In the simplest terms, the logic analyzer must trigger on an error occurring on one bus while viewing the error’s origins in a different subsystem or bus and its consequences on a third. During the development of a motherboard, interactions and dependencies among buses not directly connected can reveal much about the stability of the emerging product.

Consider the following example: A prototype for a motherboard has arrived after fabrication. During the design validation process, it frequently encounters problems in its routine functional exercises. In the worst case, the device freezes and must be rebooted. At other times, the device seems to operate normally, but the display is garbled and unintelligible.

To track down the problem, the processor, the double data rate 3 (DDR3), and PCIe buses on the motherboard would be connected to a logic analyzer for simultaneous serial and parallel acquisition. Interposers would be used as probing attachments that plug into existing board-mounted connectors to extract the desired signals.

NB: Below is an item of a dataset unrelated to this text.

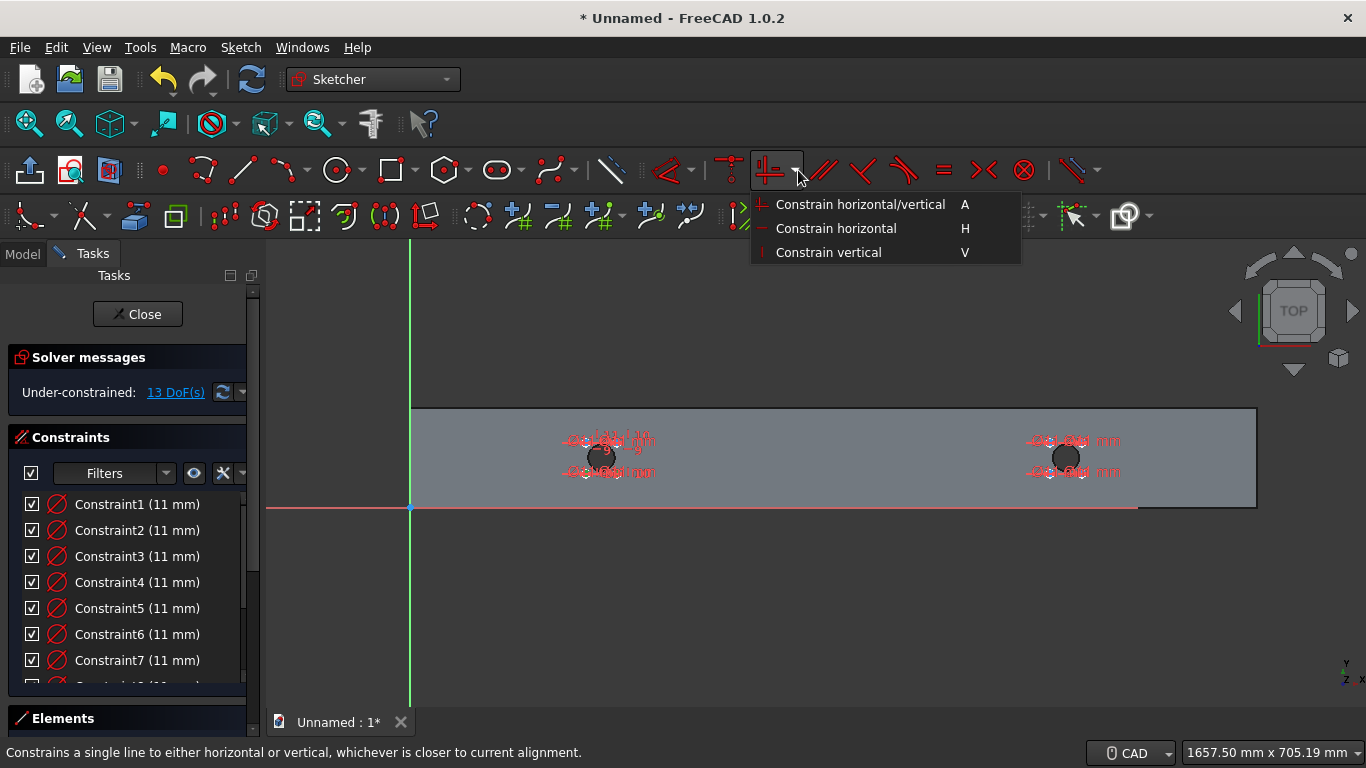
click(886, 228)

A test is created that incorporates a series of READ and WRITE operations, among others. The test proceeds as follows:
• The CPU issues a WRITE command and sends data 13FF to a particular address location (00100000) in the DDR3 SDRAM memory. The instruction passes from the CPU through the processor bus to the chipset and ultimately to the DDR3 SDRAM.
• The graphics card issues a READ instruction to the same address. The command goes over the PCIe bus, through the chipset, and to the DDR3 SDRAM.
• The CPU issues a second WRITE command and sends new data to the same location in the DDR3 SDRAM. Since no other instruction should have modified the data before the graphics card READ, the result of the query should be 13FF, exactly the same data that was written during the first cycle.

But the result is 13EF. The PCIe graphics interface does not act as expected, and an error occurs. What could be causing this problem?

Concurrent monitoring of all three of the buses involved in the transaction proves to be an easy way to track down the problem. The PCIe, DDR3 SDRAM, and processor bus interposers connect to serial and parallel acquisition modules within a single logic analyzer mainframe.

Looking at the transactions from the PCIe bus in their deserialized form, as delivered by the PCIe acquisition module and shown in Figure 3, it becomes clear that the PCIe graphics card is indeed receiving the incorrect 13EF data word. It is appropriately reporting flawed data. Neither the graphics card nor the PCIe bus is the source of the problem.

Figure 3. Logic Analyzer Display Showing the Read Cycle and the Response From the DUT

The next step is to look at transactions on the DDR3 SDRAM bus that, because they produce a display very similar to Figure 3, need not be repeated. A READ operation confirms that the correct address was written. That brings the processor into question. Did it send the data it was supposed to send? Monitoring the processor bus establishes that the correct data was written to memory.

All three buses appear to be doing their jobs correctly. The data is being sent to the desired memory location as commanded by the CPU. The only remaining possibility is a timing conflict of some kind.

One potential suspect is the READ/WRITE timing. Yet the previous steps have established that the CPU is issuing the WRITE at the expected time.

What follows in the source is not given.